Below let’s share training costs for a TPUv5e pod vs A100 and H100s for GPT-3. Furthermore, lets also share the inference costs for LLAMA-65B. Inference latency will also be shared.

So GPT-3 training costs are quite interesting. Even if you assume the price paid is $1.1/hr per SXM A100, $2/hr per H100 (basically the best deal we have since shortages), the two chips fall behind the TPUv5e for models under 200B parameters. All figures are BF16.

We have seen prices as low as a third of a dollar for TPUv5e vs list price of $0.4, so we use that $0.33 for TPUv5e. With those inputs, given training time numbers shared by various firms such as MosaicML on GPUs and Google on TPUv5e, we see the cost of pre-training as $514k for A100, $393k for H100, and 222k on TPUv5e.

Mind you on a single pod of 256 TPUv5e’s this would take ~100 days to train the full GPT-3, so there would need to be more testing for multi-pod performance, but Google claims the multi-pod performance scaling is near perfect. Even a full TPUv5e pod, without multi-pod, would still be great for fine-tuning 175B class GPT-3 size models. It seems pretty clear if you’re fine-tuning LLAMA-65B models, you should use TPUv5e given pricing.

The above is mostly based on Google’s claims. Below, we also have figures from an AI startup that has run LLAMA-65B on TPUv5e with int8. It should be noted parallelism strategies are quite different.

The startup tell us they utilized an 8xTPUv5e slice and were able to achieve ~35ms per token on a batch size of 32 with int8 quantization! That is quite usable and very strong performance.

Assuming that $0.33 per TPUv5e hour cost mentioned earlier, that is less than $0.0007 per 1k tokens for LLAMA-65B. This number could be brought down further if you let latency per token creep up to. That smashes GPUs and gets better latency than many folks implementations too. There is a big limitation in that TPUv5e only has 16GB per each chip, but this is a manageable problem due to TPU’s more flexible parallelism due to the interconnect, at least for models that are small (less than 200B parameters).

In comparison, MosaicML is charging $0.002, and Together is charging $0.003 on GPU per 1k tokens. Together’s latency is much worse too which affects user experience while also costing 3x TPUv5e costs. Of course the above assumes you can feed the batch sizes, which is difficult for most smaller players to do, but the giants can.
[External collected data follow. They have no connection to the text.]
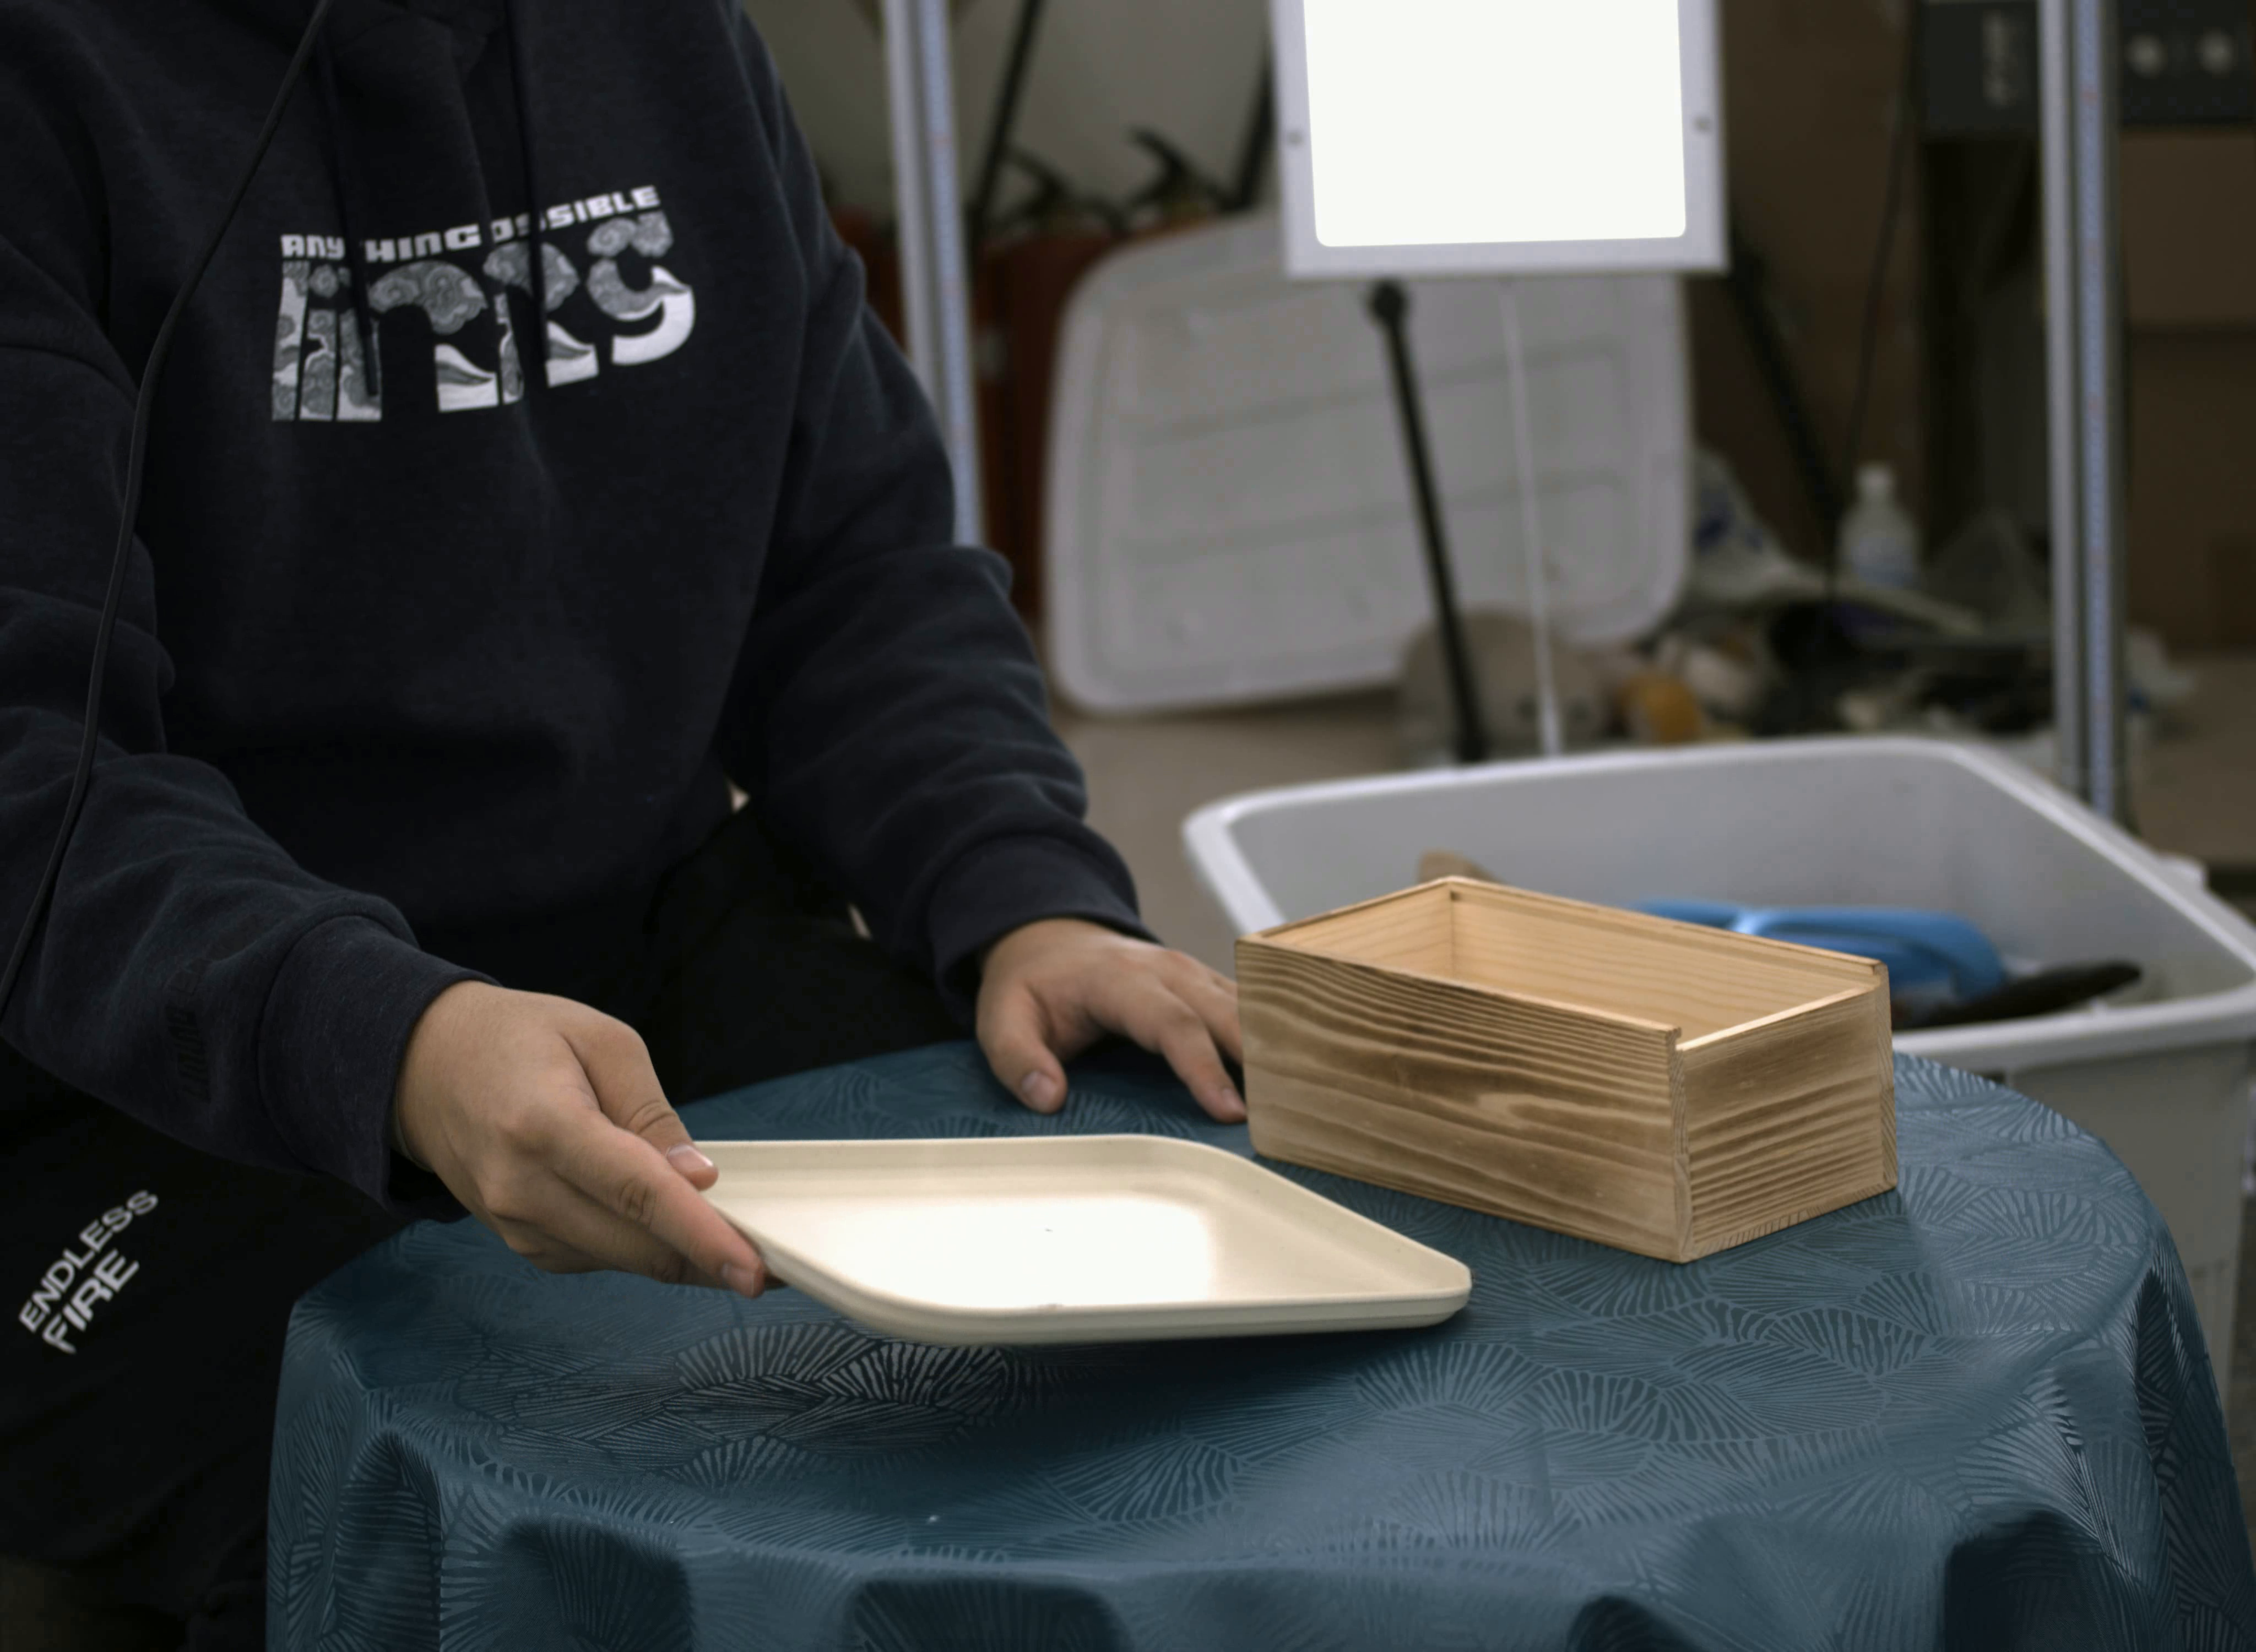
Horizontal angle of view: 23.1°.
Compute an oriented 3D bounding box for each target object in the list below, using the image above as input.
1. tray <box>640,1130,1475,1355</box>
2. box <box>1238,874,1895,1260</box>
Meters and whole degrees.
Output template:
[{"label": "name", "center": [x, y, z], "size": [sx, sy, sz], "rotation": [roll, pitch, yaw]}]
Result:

API access is still probably better cost when you don’t care about your prompts having sensitive info or you have extremely bursty usage instead of more consistent usage like the giants. These APIs also have some margin embedded.

It seems pretty clear that GPT-3.5 turbo should be inferenced on TPUv5e given these costs. We believe GPT-4 is probably too large to fit properly across TPUv5e’s and would require full scale TPUv5’s.

Nonetheless, OpenAI would probably net win on cost if they could access TPUv5e at fair prices <$0.35 and move all their GPT-3.5 Turbo inference over to them from GPUs. Plus then, their other GPUs they have currently could be redirected to other tasks. The cost advantage of TPUv5e exists even with OpenAI special advantaged pricing with Azure for A100 and H100.

Just to be clear, we don’t think OpenAI will use it, but all the other AI startups and enterprises should look at it very seriously.